< 1 Samuël 18 >

1 Toen David het gesprek met Saul geëindigd had, Ook Jonatan voelde zich tot David aangetrokken, en hield van hem als van zichzelf.
After David finished speaking with Saul, Jonathan became great friends with David. He loved David as he loved himself.
2 nam Saul hem nog die eigen dag in zijn dienst, en liet hem niet meer naar zijn ouderlijk huis teruggaan.
From that time on Jonathan had David work for him and would not let him go back home.
3 En omdat Jonatan evenveel van David hield als van zich zelf, sloot hij vriendschap met hem.
Jonathan made a solemn agreement with David because he loved him as he loved himself.
4 Hij trok de mantel uit, die hij droeg, en gaf die aan David, met zijn wapenrusting en zwaard, met zijn boog en zijn gordel.
Jonathan took off the robe he was wearing and gave it to David, together with his tunic, his sword, his bow, and his belt.
5 Als David iets ondernam, dan slaagde hij, wat Saul hem ook opdroeg.

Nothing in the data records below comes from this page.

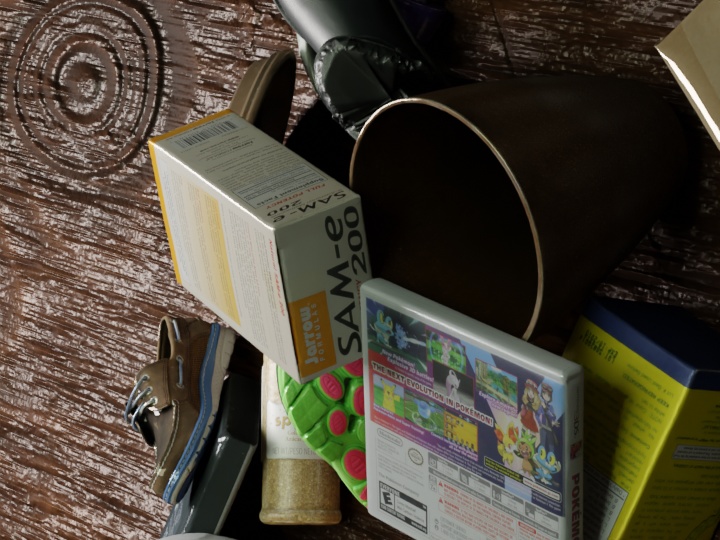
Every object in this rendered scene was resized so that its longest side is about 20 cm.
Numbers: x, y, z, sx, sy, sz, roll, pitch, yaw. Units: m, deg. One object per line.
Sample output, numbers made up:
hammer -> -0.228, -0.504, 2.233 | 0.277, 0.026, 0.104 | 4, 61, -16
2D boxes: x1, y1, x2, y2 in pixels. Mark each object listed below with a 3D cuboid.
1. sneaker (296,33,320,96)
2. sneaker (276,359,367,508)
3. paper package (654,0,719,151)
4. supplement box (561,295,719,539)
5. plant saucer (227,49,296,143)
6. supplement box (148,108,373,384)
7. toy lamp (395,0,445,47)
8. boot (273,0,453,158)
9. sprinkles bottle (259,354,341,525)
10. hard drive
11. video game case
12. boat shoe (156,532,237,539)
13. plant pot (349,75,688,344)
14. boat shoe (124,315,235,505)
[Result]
sneaker -> -0.015, -0.227, 1.809 | 0.089, 0.073, 0.201 | -94, 4, -58
sneaker -> -0.019, 0.105, 1.758 | 0.076, 0.201, 0.084 | -33, 40, -9
paper package -> 0.307, -0.087, 1.433 | 0.103, 0.190, 0.201 | -45, 57, 29
supplement box -> 0.185, 0.133, 1.590 | 0.109, 0.109, 0.201 | 37, 111, 41
plant saucer -> -0.094, -0.083, 1.855 | 0.029, 0.200, 0.202 | 18, 101, 4
supplement box -> -0.069, -0.021, 1.664 | 0.200, 0.073, 0.127 | 36, 142, 51
toy lamp -> 0.059, -0.261, 1.800 | 0.058, 0.058, 0.201 | 30, 106, 43
boot -> -0.006, -0.168, 1.697 | 0.076, 0.168, 0.200 | -40, 89, 11
sprinkles bottle -> -0.047, 0.103, 1.858 | 0.068, 0.068, 0.202 | -5, 83, 45
hard drive -> -0.133, 0.198, 1.906 | 0.140, 0.033, 0.201 | -93, 25, -71
video game case -> 0.074, 0.118, 1.566 | 0.199, 0.023, 0.184 | 24, 125, 44
boat shoe -> -0.091, 0.258, 1.809 | 0.198, 0.070, 0.071 | 11, 108, 5
plant pot -> 0.127, -0.057, 1.594 | 0.186, 0.199, 0.188 | 28, 130, 40
boat shoe -> -0.156, 0.112, 1.896 | 0.201, 0.072, 0.073 | -80, 13, -55

Daarom stelde Saul hem aan het hoofd van de soldaten, en werd hij bemind door heel het volk, zelfs door de dienaren van Saul.
David was successful in doing everything Saul asked him to do, so Saul made him an officer in the army. This pleased everyone, including Saul's other officers.
6 Maar toen David eens van een overwinning op de Filistijnen terugkeerde, en zij hun intocht hielden, trokken uit alle steden van Israël de vrouwen met liederen en reidansen, met feestelijke tamboerijnen en handpauken koning Saul tegemoet.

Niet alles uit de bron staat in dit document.